(Data)

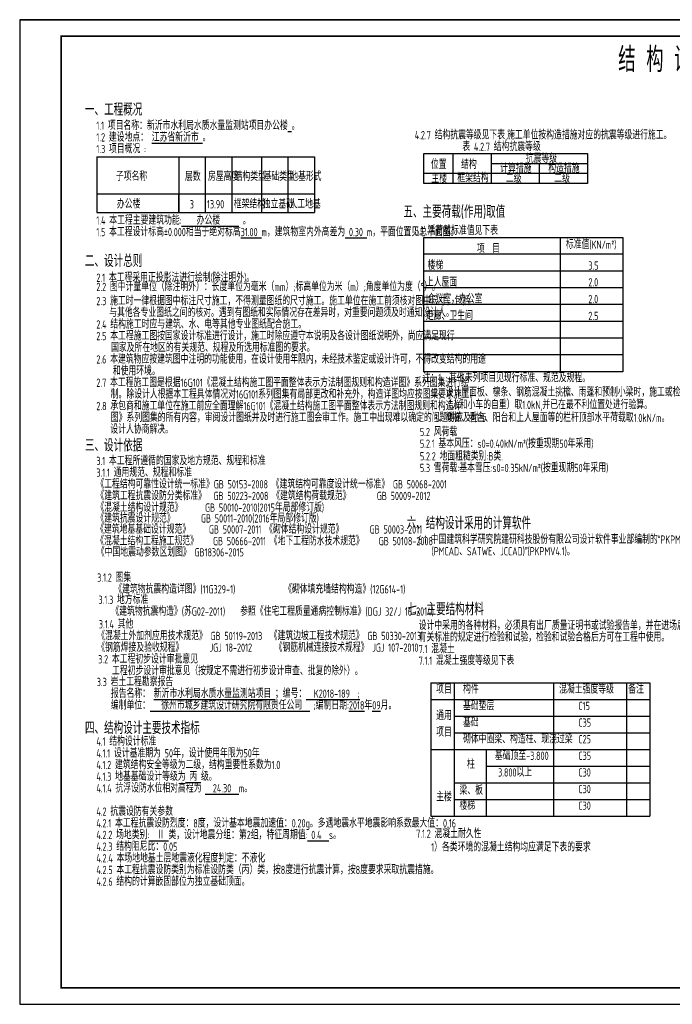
# Model space of a CAD drawing. Extents: x -302077 to 107904, y -9283 to 295706.
# Tile 86 of 256: x -251108 to -211714, y 113511 to 172911. Entities that reach past the tile are written whole.
import ezdxf
from ezdxf.enums import TextEntityAlignment as Align

# ---------------------------------------------------------------- set-up
doc = ezdxf.new("R2010")
doc.units = 0
doc.header["$LTSCALE"] = 500
doc.header["$MEASUREMENT"] = 0
doc.layers.get('0').update_dxf_attribs({"linetype": 'CONTINUOUS'})
for name, color, linetype in [('PUB_TEXT', 7, 'CONTINUOUS'), ('PUB_TITLE', 4, 'CONTINUOUS'), ('TEXT', 7, 'CONTINUOUS')]:
    doc.layers.add(name, color=color, linetype=linetype)
doc.styles.add('TSSD_Norm', font='tssdeng.shx', dxfattribs={"bigfont": 'hztxt.shx'})

# ---------------------------------------------------------------- blocks, each defined once
blk = doc.blocks.new('wrtgtg')
at = {"layer": 'PUB_TITLE'}
blk.add_line((-75296, 53559), (8804, 53559), dxfattribs=at)
blk.add_lwpolyline([(-75296, -5841), (8804, -5841), (8804, 53559), (-75296, 53559)], close=True, dxfattribs=at)
at = {"layer": 'PUB_TITLE', "const_width": 100}
blk.add_lwpolyline([(-72796, -4841), (7804, -4841), (7804, 52559), (-72796, 52559)], close=True, dxfattribs=at)

msp = doc.modelspace()

# ---------------------------------------------------------------- linework, layer by layer
for p, q in [((-246445.321, 164636.205), (-246445.321, 161276.341)), ((-246445.321, 164636.205), (-233317.771, 164636.205)), ((-241509.828, 164636.205), (-241509.828, 161276.341)), ((-239909.828, 164636.205), (-239909.828, 161276.341)), ((-239909.828, 164636.205), (-239909.828, 161276.341)), ((-238309.828, 164636.205), (-238309.828, 161276.341)), ((-236517.771, 164636.205), (-236517.771, 161276.341)), ((-234917.771, 164636.205), (-234917.771, 161276.341)), ((-233317.771, 164636.205), (-233317.771, 161276.341)), ((-233317.771, 164636.205), (-233317.771, 161276.341)), ((-246445.321, 162396.296), (-233317.771, 162396.296)), ((-241509.828, 162396.296), (-239909.828, 162396.296)), ((-239909.828, 162396.296), (-239909.828, 161276.341)), ((-239909.828, 162396.296), (-239909.828, 161276.341))]:
    msp.add_line(p, q)
at = {"layer": 'PUB_TEXT'}
for p, q in [((-226709.41, 164833.651), (-216827.964, 164833.651)), ((-226709.41, 163033.651), (-226709.41, 164833.651)), ((-224967.01, 164833.651), (-224967.01, 163033.651)), ((-222646.534, 164833.651), (-222646.534, 163033.651)), ((-222646.534, 164833.651), (-222646.534, 163033.651)), ((-216827.964, 164833.651), (-216827.964, 163033.651)), ((-222646.534, 164233.651), (-216827.964, 164233.651)), ((-219745.936, 164233.651), (-219745.936, 163033.651)), ((-216827.964, 163633.651), (-226709.41, 163633.651)), ((-216827.964, 163033.651), (-226709.41, 163033.651)), ((-216827.964, 163033.651), (-222646.534, 163033.651))]:
    msp.add_line(p, q, dxfattribs=at)
at = {"layer": 'TEXT'}
for p, q in [((-241509.828, 161276.341), (-241509.828, 162396.296)), ((-241509.828, 161276.341), (-241509.828, 162396.296)), ((-246445.321, 161276.341), (-233317.771, 161276.341)), ((-246445.321, 161276.341), (-233317.771, 161276.341)), ((-226719.412, 159775.007), (-214707.116, 159775.007)), ((-226719.412, 151675.007), (-226719.412, 159775.007)), ((-218486.774, 159775.007), (-218486.774, 151675.007)), ((-214707.116, 159775.007), (-214707.116, 151675.007)), ((-214707.116, 158762.507), (-226719.412, 158762.507)), ((-214707.116, 157750.007), (-226719.412, 157750.007)), ((-214707.116, 156737.507), (-226719.412, 156737.507)), ((-214707.116, 155725.007), (-226719.412, 155725.007)), ((-214707.116, 154712.507), (-226719.412, 154712.507)), ((-214707.116, 154712.507), (-226719.412, 154712.507)), ((-214707.116, 153700.007), (-226719.412, 153700.007)), ((-214707.116, 153700.007), (-226719.412, 153700.007)), ((-214707.116, 152687.507), (-226719.412, 152687.507)), ((-214707.116, 152687.507), (-223544.954, 152687.507)), ((-214707.116, 151675.007), (-226719.412, 151675.007)), ((-214726.623, 151675.007), (-223564.462, 151675.007))]:
    msp.add_line(p, q, dxfattribs=at)
for points in [[(-226282.777, 132896.348), (-226282.777, 124871.374)], [(-226282.777, 132896.348), (-213067.639, 132896.348)], [(-224877.139, 132896.348), (-224877.139, 124871.374)], [(-218891.372, 132896.348), (-218891.372, 124871.374)], [(-214480.61, 132896.348), (-214480.61, 124871.374)], [(-213067.639, 132896.348), (-213067.639, 124871.374)], [(-226282.777, 131893.226), (-213067.639, 131893.226)], [(-224877.139, 130890.104), (-213067.639, 130890.104)], [(-224877.139, 129886.983), (-213067.639, 129886.983)], [(-224877.139, 129886.983), (-213067.639, 129886.983)], [(-226282.777, 128883.861), (-213067.639, 128883.861)], [(-222956.369, 128883.861), (-222956.369, 124871.374)], [(-222956.369, 127880.739), (-213067.639, 127880.739)], [(-224877.139, 126877.617), (-213067.639, 126877.617)], [(-222956.369, 126877.617), (-213067.639, 126877.617)], [(-222956.369, 126877.617), (-213067.639, 126877.617)], [(-222956.369, 126877.617), (-213067.639, 126877.617)], [(-224877.139, 125874.496), (-213067.639, 125874.496)], [(-222956.369, 125874.496), (-213067.639, 125874.496)], [(-226282.777, 124871.374), (-213067.639, 124871.374)]]:
    msp.add_lwpolyline(points, dxfattribs=at)

# ---------------------------------------------------------------- block references
msp.add_blockref('wrtgtg', (-175812.208, 119352.674))

# ---------------------------------------------------------------- texts
at = {"layer": 'TEXT', "style": 'TSSD_Norm', "width": 0.7}
for s, height, p in [('结 构 设 计 总 说 明 一', 1500, (-214980.415, 169750.15)), ('1.1 项目名称：新沂市水利局水质水量监测站项目办公楼%%U %%U。', 500, (-246478.548, 166266.648)), ('1.2 建设地点： %%U江苏省新沂市 %%U。', 500, (-246478.548, 165562.802)), ('4.2.7 结构抗震等级见下表,施工单位按构造措施对应的抗震等级进行施工。', 500, (-227261.474, 165697.523)), ('1.3 项目概况 :', 500, (-246478.548, 164858.956)), ('表 4.2.7 结构抗震等级', 500, (-224387.774, 164993.677)), ('抗震等级', 500, (-220558.315, 164281.651)), ('位置', 500, (-226287.01, 163916.851)), ('结构', 500, (-224463.01, 163916.851)), ('计算措施', 500, (-222103.228, 163681.651)), ('构造措施', 500, (-219202.63, 163681.651)), ('子项名称', 500, (-245299.213, 163201.639)), ('层数', 500, (-241132.213, 163187.639)), ('房屋高度', 500, (-239739.988, 163194.324)), ('结构类型', 500, (-238134.784, 163194.324)), ('基础类型', 500, (-236385.315, 163194.324)), ('地基形式', 500, (-234777.402, 163194.324)), ('主楼', 500, (-226257.05, 163070.872)), ('框架结构', 500, (-224690.375, 163108.851)), ('二级', 500, (-221756.477, 163081.651)), ('二级', 500, (-218838.505, 163081.651)), ('3', 500, (-240838.882, 161528.441)), ('13.90', 500, (-239802.486, 161528.441)), ('框架结构', 500, (-238186.213, 161528.441)), ('独立基础', 500, (-236441.042, 161528.441)), ('人工地基', 500, (-234821.518, 161528.441)), ('1.4 本工程主要建筑功能:%%U    办公楼     %%U 。', 500, (-246478.548, 160552.739)), ('5.1 活荷载标准值见下表', 500, (-227257.468, 159932.773)), ('项  目', 500, (-223510.529, 158843.507)), ('楼梯', 500, (-226485.254, 157831.007)), ('3.5', 500, (-216781.569, 157831.007)), ('2.1 本工程采用正投影法进行绘制(除注明外)。', 500, (-246478.548, 157095.288)), ('上人屋面', 500, (-226588.407, 156818.507)), ('2.0', 500, (-216781.569, 156818.507)), ('2.3 施工时一律根据图中标注尺寸施工，不得测量图纸的尺寸施工。施工单位在施工前须核对图中尺寸，包括', 500, (-246478.548, 155687.596)), ('会议室，办公室', 500, (-226485.254, 155806.007)), ('2.0', 500, (-216781.569, 155806.007)), ('与其他各专业图纸之间的核对。遇到有图纸和实际情况存在差异时，对重要问题须及时通知设计人。', 500, (-245700.698, 154983.749)), ('走廊、卫生间', 500, (-226588.407, 154793.507)), ('2.5', 500, (-216781.569, 154793.507)), ('2.4 结构施工时应与建筑、水、电等其他专业图纸配合施工。', 500, (-246478.548, 154279.903)), ('2.5 本工程施工图按国家设计标准进行设计，施工时除应遵守本说明及各设计图纸说明外，尚应满足现行', 500, (-246478.548, 153576.057)), ('国家及所在地区的有关规范、规程及所选用标准图的要求。', 500, (-245593.968, 152872.211)), ('2.6 本建筑物应按建筑图中注明的功能使用，在设计使用年限内，未经技术鉴定或设计许可，不得改变结构的用途', 500, (-246478.548, 152168.365)), ('和使用环境。', 500, (-245487.239, 151464.519)), ('注：1、其他未列项目见现行标准、规范及规程。', 500, (-226780.721, 151048.681)), ('2.7 本工程施工图是根据16G101《混凝土结构施工图平面整体表示方法制图规则和构造详图》系列图集进行绘', 500, (-246478.548, 150760.673)), ('制。除设计人根据本工程具体情况对16G101系列图集有局部更改和补充外，构造详图均应按图集要求施工。', 500, (-245612.817, 150056.826)), ('2、设计屋面板、檩条、钢筋混凝土挑檐、雨蓬和预制小梁时，施工或检修集中荷载', 500, (-226111.272, 150182.305)), ('2.8 承包商和施工单位在施工前应全面理解16G101《混凝土结构施工图平面整体表示方法制图规则和构造详', 500, (-246478.548, 149352.98)), ('（人和小车的自重）取1.0kN,并已在最不利位置处进行验算。', 500, (-225493.323, 149424.079)), ('图》系列图集的所有内容，审阅设计图纸并及时进行施工图会审工作。施工中出现难以确定的问题时应及时与', 500, (-245606.078, 148649.134)), ('3、楼梯、看台、阳台和上人屋面等的栏杆顶部水平荷载取1.0kN/m。', 500, (-226111.272, 148640.053)), ('设计人协商解决。', 500, (-245636.126, 147945.288)), ('5.2 风荷载', 500, (-226950.131, 147788.5)), ('5.2.1 基本风压：s\x8e0\x8f=0.40kN/m\x8c2\x8d(按重现期50年采用)', 500, (-226950.131, 147084.654)), ('5.2.2 地面粗糙类别:B类.', 500, (-226950.131, 146322.386)), ('3.1 本工程所遵循的国家及地方规范、规程和标准', 500, (-246478.548, 146041.442)), ('5.3 雪荷载:基本雪压:s\x8e0\x8f=0.35kN/m\x8c2\x8d(按重现期50年采用)', 500, (-226950.131, 145618.54)), ('3.1.1 通用规范、规程和标准', 500, (-246478.548, 145337.596)), ('《工程结构可靠性设计统一标准》GB 50153-2008 《建筑结构可靠度设计统一标准》 GB 50068-2001', 500, (-246478.548, 144633.749)), ('《建筑工程抗震设防分类标准》  GB 50223-2008 《建筑结构荷载规范》       GB 50009-2012', 500, (-246478.548, 143929.903)), ('《混凝土结构设计规范》      GB 50010-2010(2015年局部修订版)', 500, (-246478.548, 143226.057)), ('《建筑抗震设计规范》       GB 50011-2010(2016年局部修订版)', 500, (-246478.548, 142573.781)), ('《建筑地基基础设计规范》     GB 50007-2011 《砌体结构设计规范》       GB 50003-2011', 500, (-246489.298, 141908.445)), ('《混凝土结构工程施工规范》    GB 50666-2011 《地下工程防水技术规范》    GB 50108-2008', 500, (-246489.298, 141204.599)), ('6.1 中国建筑科学研究院建研科技股份有限公司设计软件事业部编制的“PKPM软件', 500, (-227063.617, 141296.98)), ('《中国地震动参数区划图》 GB18306-2015', 500, (-246453.813, 140528.702)), ('(PMCAD、SATWE、JCCAD)”(PKPMV4.1)。', 500, (-226243.461, 140593.133)), ('3.1.2 图集', 500, (-246429.057, 139002.98)), ('《建筑物抗震构造详图》(11G329-1)             《砌体填充墙结构构造》(12G614-1)', 500, (-245397.062, 138299.134)), ('3.1.3 地方标准', 500, (-246351.643, 137661.767)), ('《建筑物抗震构造》(苏G02-2011)    参照《住宅工程质量通病控制标准》(DGJ 32/J 16-2014)', 500, (-245573.829, 136957.921)), ('3.1.4 其他', 500, (-246329.846, 136187.596)), ('设计中采用的各种材料，必须具有出厂质量证明书或试验报告单，并在进场后按现行国家', 500, (-227023.361, 136103.295)), ('《混凝土外加剂应用技术规范》 GB 50119-2013  《建筑边坡工程技术规范》 GB 50330-2013', 500, (-246429.057, 135483.749)), ('有关标准的规定进行检验和试验，检验和试验合格后方可在工程中使用。', 500, (-227023.361, 135399.449)), ('《钢筋焊接及验收规程》       JGJ 18-2012      《钢筋机械连接技术规程》 JGJ 107-2010', 500, (-246429.057, 134779.903)), ('7.1 混凝土', 500, (-227023.361, 134695.603)), ('3.2 本工程初步设计审批意见', 500, (-246369.38, 134076.057)), ('7.1.1 混凝土强度等级见下表', 500, (-227023.361, 133991.757)), ('工程初步设计审批意见（按规定不需进行初步设计审查、批复的除外）。', 500, (-245532.299, 133372.211)), ('3.3 岩土工程勘察报告', 500, (-246454.834, 132706.716)), ('报告名称： %%U新沂市水利局水质水量监测站项目 %%U；编号：%%U  K2018-189  ;', 500, (-245602.78, 132002.87)), ('编制单位：%%U   徐州市城乡建筑设计研究院有限责任公司  %%U ;编制日期:%%U2018%%U年%%U09%%U月。', 500, (-245602.78, 131299.024)), ('4.1 结构设计标准', 500, (-246478.548, 129114.536)), ('4.1.1 设计基准期为 50年，设计使用年限为50年', 500, (-246478.548, 128406.52)), ('4.1.2 建筑结构安全等级为二级，结构重要性系数为1.0', 500, (-246478.548, 127702.674)), ('4.1.3 地基基础设计等级为%%U 丙 %%U级。', 500, (-246478.548, 126998.827)), ('4.2 抗震设防有关参数', 500, (-246478.548, 124887.289)), ('4.2.1 本工程抗震设防烈度：8度，设计基本地震加速值：0.20g。多遇地震水平地震影响系数最大值：0.16', 500, (-246478.548, 124183.443)), ('4.2.2 场地类别:%%U  Ⅱ %%U类，设计地震分组：第2组，特征周期值:%%U 0.4  %%Us。', 500, (-246478.548, 123479.597)), ('4.2.3 结构阻尼比：0.05', 500, (-246478.548, 122775.75)), ('4.2.4 本场地地基土层地震液化程度判定：不液化', 500, (-246478.548, 122071.904)), ('4.2.5 本工程抗震设防类别为标准设防类（丙）类，按8度进行抗震计算，按8度要求采取抗震措施。', 500, (-246478.548, 121368.058)), ('4.2.6 结构的计算嵌固部位为独立基础顶面。', 500, (-246478.548, 120664.212))]:
    msp.add_text(s, height=height, dxfattribs=at).set_placement(p)
at = {"layer": 'TEXT', "color": 3, "style": 'TSSD_Norm', "width": 0.7}
for s, p in [('一、工程概况', (-247169.152, 167120.677)), ('五、主要荷载(作用)取值', (-227944.143, 160953.079)), ('二、设计总则', (-247169.152, 157989.354)), ('三、设计依据', (-247169.152, 146860.689)), ('六、结构设计采用的计算软件', (-227750.291, 142167.462)), ('七、主要结构材料', (-227710.036, 136977.297)), ('四、结构设计主要技术指标', (-247169.152, 129814.212))]:
    msp.add_text(s, height=750, dxfattribs=at).set_placement(p)
at = {"layer": 'TEXT', "color": 1, "style": 'TSSD_Norm', "width": 0.7}
for s, p in [('办公楼', (-245240.333, 161528.441)), ('1.5 本工程设计标高%%P0.000相当于绝对标高%%U31.00 %%Um，建筑物室内外高差为%%U 0.30 %%Um，平面位置见总平面图。', (-246478.548, 159848.893)), ('4.1.4 抗浮设防水位相对高程为 %%U  24.30  %%Um。', (-246478.548, 126294.981))]:
    msp.add_text(s, height=500, dxfattribs=at).set_placement(p)
at = {"layer": 'TEXT', "style": 'TSSD_Norm', "width": 0.7}
for s, p in [('标准值(KN/m\x8c2\x8d)', (-218135.974, 158939.566)), ('2.2 图中计量单位（除注明外）：长度单位为毫米（mm）;标高单位为米（m）;角度单位为度（%%D）。', (-246478.548, 156391.442)), ('项目', (-225967.341, 132114.967)), ('构件', (-224345.953, 132114.967)), ('混凝土强度等级', (-218547.576, 132114.967)), ('备注', (-214374.916, 132114.967)), ('基础垫层', (-224345.953, 131111.845)), ('通用', (-225967.341, 130520.723)), ('基础', (-224345.953, 130108.723)), ('C35', (-217384.783, 130108.723)), ('项目', (-225967.341, 129517.601)), ('砌体中圈梁、构造柱、现浇过梁', (-224345.953, 129105.601)), ('C25', (-217384.783, 129105.601)), ('柱', (-224105.849, 127576.003)), ('基础顶至-3.800', (-222425.183, 128102.48)), ('C35', (-217384.783, 128102.48)), ('3.800以上', (-222230.876, 127099.358)), ('C30', (-217384.783, 127099.358)), ('梁、板', (-224561.703, 126014.189)), ('C30', (-217384.783, 126096.236)), ('主楼', (-225967.341, 125617.727)), ('楼梯', (-224561.703, 125093.114)), ('C30', (-217384.783, 125093.114)), ('7.1.2 混凝土耐久性', (-227176.947, 123396.944)), ('    1）各类环境的混凝土结构均应满足下表的要求', (-227176.947, 122587.144))]:
    msp.add_text(s, height=500, dxfattribs=at).set_placement(p, align=Align.BOTTOM_LEFT)
at = {"layer": 'TEXT', "color": 1, "style": 'TSSD_Norm', "width": 0.7}
msp.add_text('C15', height=500, dxfattribs=at).set_placement((-217384.783, 131111.845), align=Align.BOTTOM_LEFT)

doc.saveas('drawing.dxf')

(End Data)

[Task item]:
Begin at the first line of the records and please reproduce every line exactly through the one containing "doc.layers.add(name, color=color, linetype=linetype)", leaving all pictures out.

[Output for this task]:
# Model space of a CAD drawing. Extents: x -302077 to 107904, y -9283 to 295706.
# Tile 86 of 256: x -251108 to -211714, y 113511 to 172911. Entities that reach past the tile are written whole.
import ezdxf
from ezdxf.enums import TextEntityAlignment as Align

# ---------------------------------------------------------------- set-up
doc = ezdxf.new("R2010")
doc.units = 0
doc.header["$LTSCALE"] = 500
doc.header["$MEASUREMENT"] = 0
doc.layers.get('0').update_dxf_attribs({"linetype": 'CONTINUOUS'})
for name, color, linetype in [('PUB_TEXT', 7, 'CONTINUOUS'), ('PUB_TITLE', 4, 'CONTINUOUS'), ('TEXT', 7, 'CONTINUOUS')]:
    doc.layers.add(name, color=color, linetype=linetype)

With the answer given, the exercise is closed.